PROBLEM DESCRIPTION - On how many lines of these entries does the word "bounding" occur? State the number alone.

[Records contained in a dataset]
# # # # # # #

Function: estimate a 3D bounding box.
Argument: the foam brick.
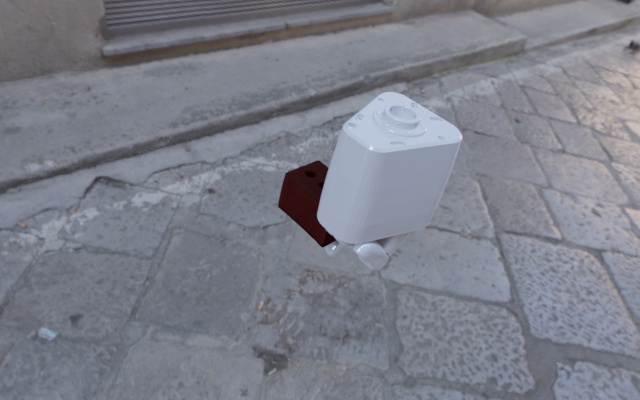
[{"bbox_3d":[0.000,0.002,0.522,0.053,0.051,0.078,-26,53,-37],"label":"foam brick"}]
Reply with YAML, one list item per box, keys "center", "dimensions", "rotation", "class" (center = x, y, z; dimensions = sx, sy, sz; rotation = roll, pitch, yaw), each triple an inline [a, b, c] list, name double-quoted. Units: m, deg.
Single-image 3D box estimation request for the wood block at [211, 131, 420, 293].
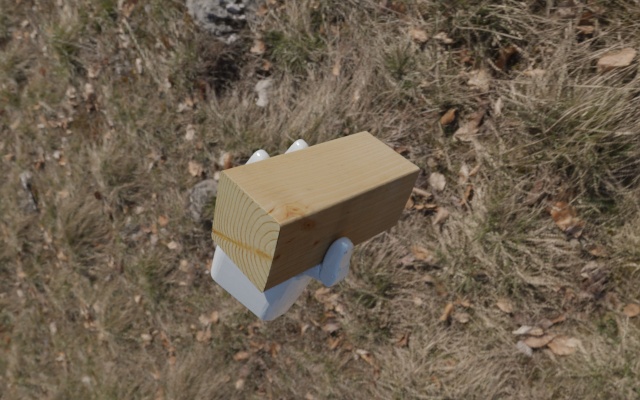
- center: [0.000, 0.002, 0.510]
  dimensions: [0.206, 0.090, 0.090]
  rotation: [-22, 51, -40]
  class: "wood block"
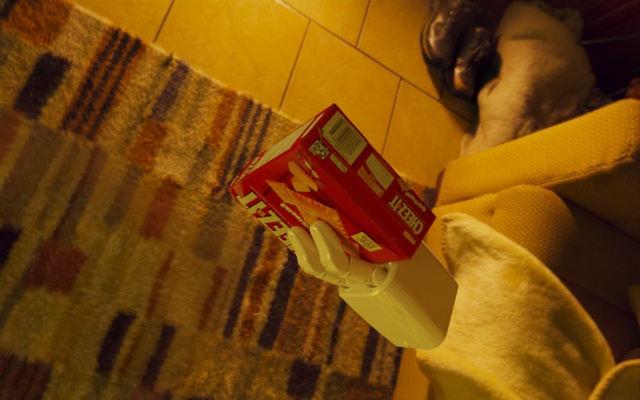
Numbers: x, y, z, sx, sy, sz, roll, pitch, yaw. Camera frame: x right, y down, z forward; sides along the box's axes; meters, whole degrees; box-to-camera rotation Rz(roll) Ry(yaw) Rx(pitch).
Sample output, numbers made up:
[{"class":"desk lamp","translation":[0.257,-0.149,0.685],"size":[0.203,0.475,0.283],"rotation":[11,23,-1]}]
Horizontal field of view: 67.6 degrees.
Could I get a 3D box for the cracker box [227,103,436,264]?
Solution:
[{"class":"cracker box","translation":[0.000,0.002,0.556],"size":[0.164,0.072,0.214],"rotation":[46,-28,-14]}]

# # # # # # #

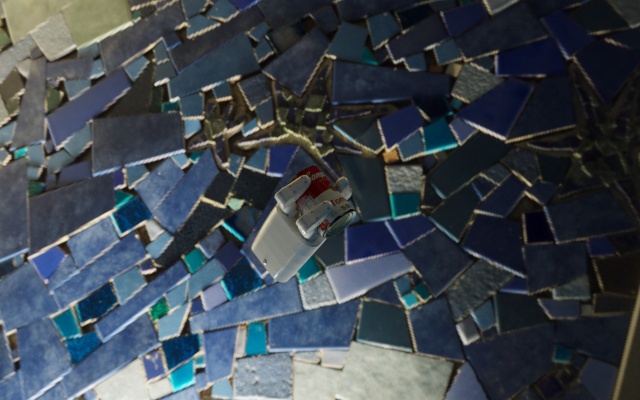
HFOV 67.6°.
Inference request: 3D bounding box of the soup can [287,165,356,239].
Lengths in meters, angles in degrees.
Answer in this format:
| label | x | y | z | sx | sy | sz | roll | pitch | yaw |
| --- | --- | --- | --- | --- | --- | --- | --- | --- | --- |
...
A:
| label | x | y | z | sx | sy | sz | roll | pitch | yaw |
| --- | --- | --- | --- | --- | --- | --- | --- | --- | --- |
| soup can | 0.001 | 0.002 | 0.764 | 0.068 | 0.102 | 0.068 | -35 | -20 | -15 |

# # # # # # #

EXERCISE ANSWER - 2